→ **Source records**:
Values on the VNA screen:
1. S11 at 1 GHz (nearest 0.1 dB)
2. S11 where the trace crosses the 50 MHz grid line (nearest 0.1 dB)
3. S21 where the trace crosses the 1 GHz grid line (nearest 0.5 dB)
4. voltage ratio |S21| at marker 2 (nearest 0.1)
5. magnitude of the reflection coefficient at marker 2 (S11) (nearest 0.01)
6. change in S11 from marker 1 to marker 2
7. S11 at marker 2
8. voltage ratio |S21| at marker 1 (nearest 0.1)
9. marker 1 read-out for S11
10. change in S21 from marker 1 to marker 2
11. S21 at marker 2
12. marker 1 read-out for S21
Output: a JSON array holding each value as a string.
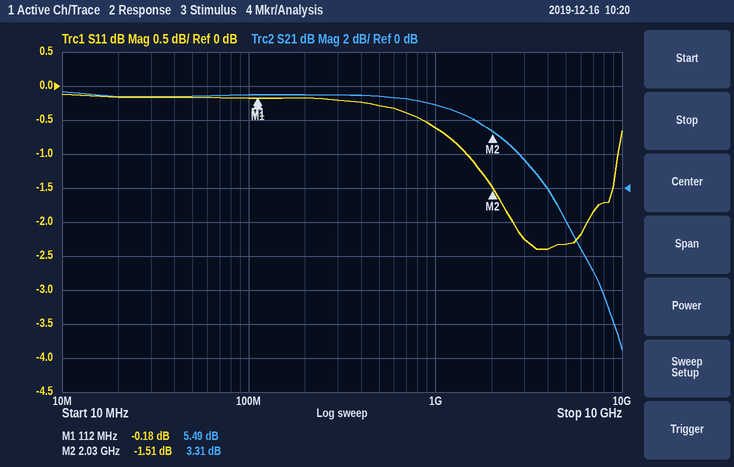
["-0.6 dB", "-0.2 dB", "5.0 dB", "1.5", "0.84", "-1.33 dB", "-1.51 dB", "1.9", "-0.18 dB", "-2.18 dB", "3.31 dB", "5.49 dB"]
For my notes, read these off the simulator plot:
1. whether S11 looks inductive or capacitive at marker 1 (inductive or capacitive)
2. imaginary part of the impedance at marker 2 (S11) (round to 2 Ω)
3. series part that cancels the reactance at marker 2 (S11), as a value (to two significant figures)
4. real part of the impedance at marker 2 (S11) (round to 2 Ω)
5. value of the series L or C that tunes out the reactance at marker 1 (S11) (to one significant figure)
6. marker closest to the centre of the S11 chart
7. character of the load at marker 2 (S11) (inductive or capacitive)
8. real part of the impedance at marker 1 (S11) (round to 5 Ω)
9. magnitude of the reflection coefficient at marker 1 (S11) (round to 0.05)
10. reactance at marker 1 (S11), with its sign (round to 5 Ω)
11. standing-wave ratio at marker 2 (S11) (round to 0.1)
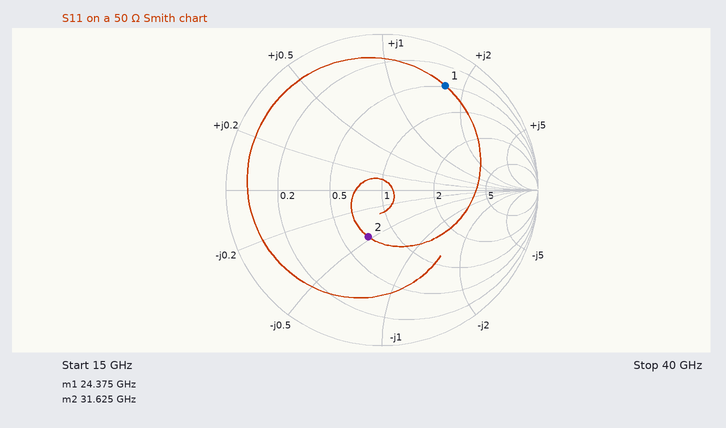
inductive
-24 Ω
120 pH
36 Ω
80 fF
marker 2
capacitive
25 Ω
0.80
+85 Ω
1.9
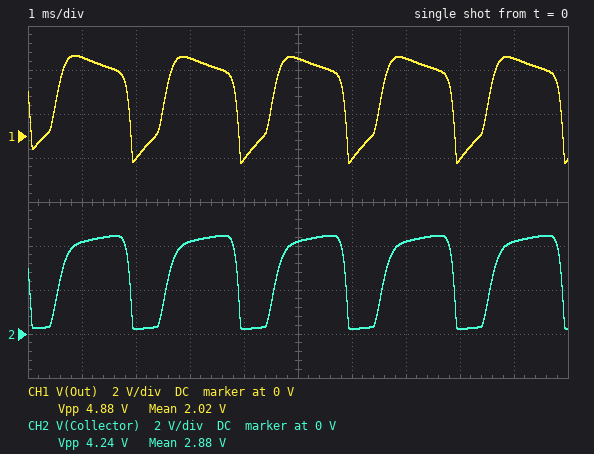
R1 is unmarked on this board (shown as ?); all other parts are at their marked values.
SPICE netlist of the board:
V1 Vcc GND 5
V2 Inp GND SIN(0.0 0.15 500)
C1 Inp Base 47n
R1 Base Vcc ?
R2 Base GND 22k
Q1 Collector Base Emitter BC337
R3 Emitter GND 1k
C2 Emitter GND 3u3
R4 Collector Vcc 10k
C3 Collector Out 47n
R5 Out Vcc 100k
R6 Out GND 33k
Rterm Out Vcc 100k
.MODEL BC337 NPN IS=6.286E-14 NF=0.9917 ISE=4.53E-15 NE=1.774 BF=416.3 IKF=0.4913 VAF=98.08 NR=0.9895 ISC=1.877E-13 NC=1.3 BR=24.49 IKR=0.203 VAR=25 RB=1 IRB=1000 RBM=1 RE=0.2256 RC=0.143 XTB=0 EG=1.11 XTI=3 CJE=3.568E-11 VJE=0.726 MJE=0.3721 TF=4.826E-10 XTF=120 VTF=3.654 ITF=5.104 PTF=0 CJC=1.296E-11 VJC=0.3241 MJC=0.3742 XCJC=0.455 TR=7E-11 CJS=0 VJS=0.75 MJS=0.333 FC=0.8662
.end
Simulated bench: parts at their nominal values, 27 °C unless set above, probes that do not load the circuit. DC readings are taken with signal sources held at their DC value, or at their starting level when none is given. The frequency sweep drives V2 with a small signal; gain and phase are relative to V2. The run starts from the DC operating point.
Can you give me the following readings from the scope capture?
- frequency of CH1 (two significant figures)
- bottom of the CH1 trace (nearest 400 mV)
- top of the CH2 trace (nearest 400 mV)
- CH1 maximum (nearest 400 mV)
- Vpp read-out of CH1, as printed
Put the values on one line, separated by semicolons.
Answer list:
500 Hz; -1.2 V; 4.4 V; 3.6 V; 4.88 V
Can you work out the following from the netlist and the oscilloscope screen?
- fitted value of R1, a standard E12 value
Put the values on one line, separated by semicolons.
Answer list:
120 kΩ
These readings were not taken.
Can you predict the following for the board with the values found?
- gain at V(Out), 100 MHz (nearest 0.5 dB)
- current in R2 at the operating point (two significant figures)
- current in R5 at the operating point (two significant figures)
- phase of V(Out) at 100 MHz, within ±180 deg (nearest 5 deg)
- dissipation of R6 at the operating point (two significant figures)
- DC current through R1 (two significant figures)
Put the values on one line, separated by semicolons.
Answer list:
7.5 dB; 35 µA; 30 µA; 65 deg; 120 µW; 35 µA
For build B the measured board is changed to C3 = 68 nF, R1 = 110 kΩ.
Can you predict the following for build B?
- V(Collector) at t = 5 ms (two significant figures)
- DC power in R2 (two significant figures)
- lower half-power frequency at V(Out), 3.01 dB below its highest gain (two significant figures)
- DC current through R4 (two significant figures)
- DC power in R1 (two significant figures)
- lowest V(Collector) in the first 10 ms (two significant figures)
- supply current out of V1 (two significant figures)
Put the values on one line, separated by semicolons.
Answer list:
4.1 V; 31 µW; 660 Hz; 250 µA; 160 µW; 250 mV; 350 µA
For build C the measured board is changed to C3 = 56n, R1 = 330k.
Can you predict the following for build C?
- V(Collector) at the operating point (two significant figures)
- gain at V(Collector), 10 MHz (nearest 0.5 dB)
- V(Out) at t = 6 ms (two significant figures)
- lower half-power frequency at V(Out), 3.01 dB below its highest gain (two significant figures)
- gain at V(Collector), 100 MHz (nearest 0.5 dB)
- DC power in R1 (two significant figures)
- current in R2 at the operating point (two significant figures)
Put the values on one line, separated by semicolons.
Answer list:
5.0 V; -1.0 dB; 2.0 V; 5.1 MHz; 0 dB; 67 µW; 14 µA
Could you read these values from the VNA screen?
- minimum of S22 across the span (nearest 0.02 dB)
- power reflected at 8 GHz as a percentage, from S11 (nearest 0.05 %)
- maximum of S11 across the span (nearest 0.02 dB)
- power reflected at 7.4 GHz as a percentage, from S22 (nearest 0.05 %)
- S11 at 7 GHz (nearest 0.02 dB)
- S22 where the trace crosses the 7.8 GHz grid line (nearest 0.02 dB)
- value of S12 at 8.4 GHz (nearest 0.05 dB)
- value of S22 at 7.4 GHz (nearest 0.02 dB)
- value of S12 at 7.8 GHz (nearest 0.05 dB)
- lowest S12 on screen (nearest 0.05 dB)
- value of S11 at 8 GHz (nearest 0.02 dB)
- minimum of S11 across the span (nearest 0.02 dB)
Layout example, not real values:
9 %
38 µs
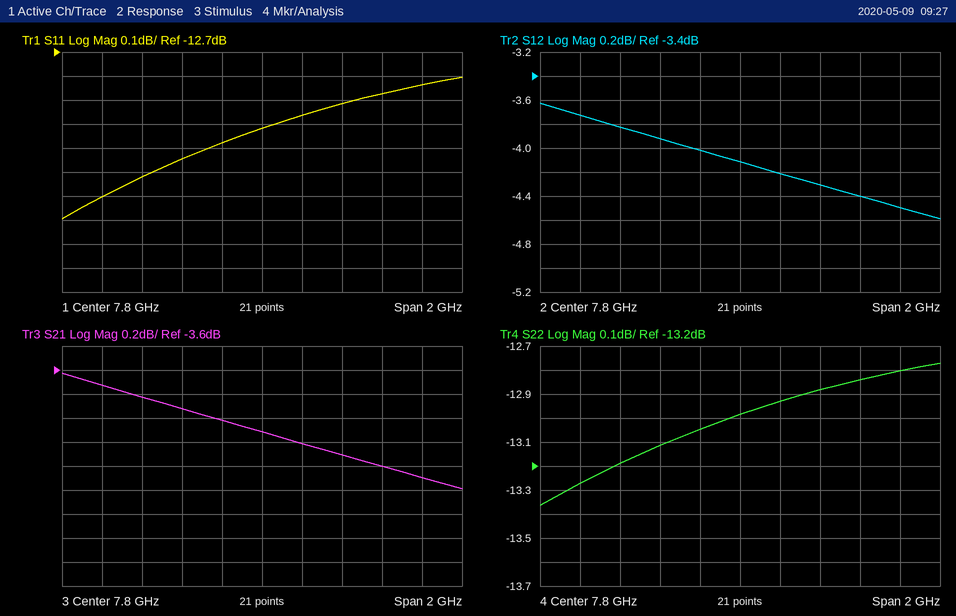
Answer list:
-13.36 dB
5.05 %
-12.80 dB
4.90 %
-13.30 dB
-12.98 dB
-4.40 dB
-13.12 dB
-4.10 dB
-4.60 dB
-12.96 dB
-13.40 dB
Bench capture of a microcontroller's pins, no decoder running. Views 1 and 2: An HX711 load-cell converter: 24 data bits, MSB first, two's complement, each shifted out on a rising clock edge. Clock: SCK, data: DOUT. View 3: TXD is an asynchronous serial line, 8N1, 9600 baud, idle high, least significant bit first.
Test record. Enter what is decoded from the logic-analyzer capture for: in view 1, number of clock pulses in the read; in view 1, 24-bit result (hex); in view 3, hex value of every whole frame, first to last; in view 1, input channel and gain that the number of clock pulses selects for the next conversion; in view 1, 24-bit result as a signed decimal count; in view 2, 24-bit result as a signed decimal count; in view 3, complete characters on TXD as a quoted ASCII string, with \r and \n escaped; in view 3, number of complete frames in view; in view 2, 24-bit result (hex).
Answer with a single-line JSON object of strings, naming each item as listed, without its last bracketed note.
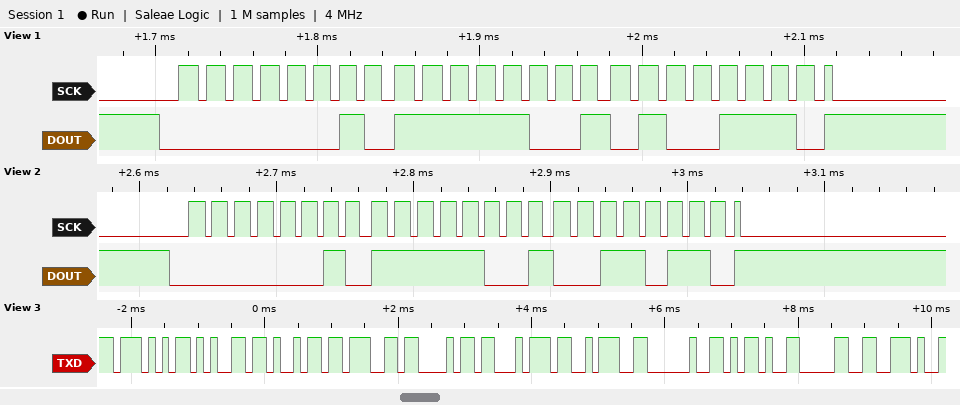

→ **TASK GOAL**: Of all the entries above, output exactly the lines between the one holding "- current in R5" and the one holding "- S11 at 7 GHz (nearest 0.02 dB)", inclusive.

→ **SOLUTION TO THE PROBLEM**:
- current in R5 at the operating point (two significant figures)
- phase of V(Out) at 100 MHz, within ±180 deg (nearest 5 deg)
- dissipation of R6 at the operating point (two significant figures)
- DC current through R1 (two significant figures)
Put the values on one line, separated by semicolons.
Answer list:
7.5 dB; 35 µA; 30 µA; 65 deg; 120 µW; 35 µA
For build B the measured board is changed to C3 = 68 nF, R1 = 110 kΩ.
Can you predict the following for build B?
- V(Collector) at t = 5 ms (two significant figures)
- DC power in R2 (two significant figures)
- lower half-power frequency at V(Out), 3.01 dB below its highest gain (two significant figures)
- DC current through R4 (two significant figures)
- DC power in R1 (two significant figures)
- lowest V(Collector) in the first 10 ms (two significant figures)
- supply current out of V1 (two significant figures)
Put the values on one line, separated by semicolons.
Answer list:
4.1 V; 31 µW; 660 Hz; 250 µA; 160 µW; 250 mV; 350 µA
For build C the measured board is changed to C3 = 56n, R1 = 330k.
Can you predict the following for build C?
- V(Collector) at the operating point (two significant figures)
- gain at V(Collector), 10 MHz (nearest 0.5 dB)
- V(Out) at t = 6 ms (two significant figures)
- lower half-power frequency at V(Out), 3.01 dB below its highest gain (two significant figures)
- gain at V(Collector), 100 MHz (nearest 0.5 dB)
- DC power in R1 (two significant figures)
- current in R2 at the operating point (two significant figures)
Put the values on one line, separated by semicolons.
Answer list:
5.0 V; -1.0 dB; 2.0 V; 5.1 MHz; 0 dB; 67 µW; 14 µA
Could you read these values from the VNA screen?
- minimum of S22 across the span (nearest 0.02 dB)
- power reflected at 8 GHz as a percentage, from S11 (nearest 0.05 %)
- maximum of S11 across the span (nearest 0.02 dB)
- power reflected at 7.4 GHz as a percentage, from S22 (nearest 0.05 %)
- S11 at 7 GHz (nearest 0.02 dB)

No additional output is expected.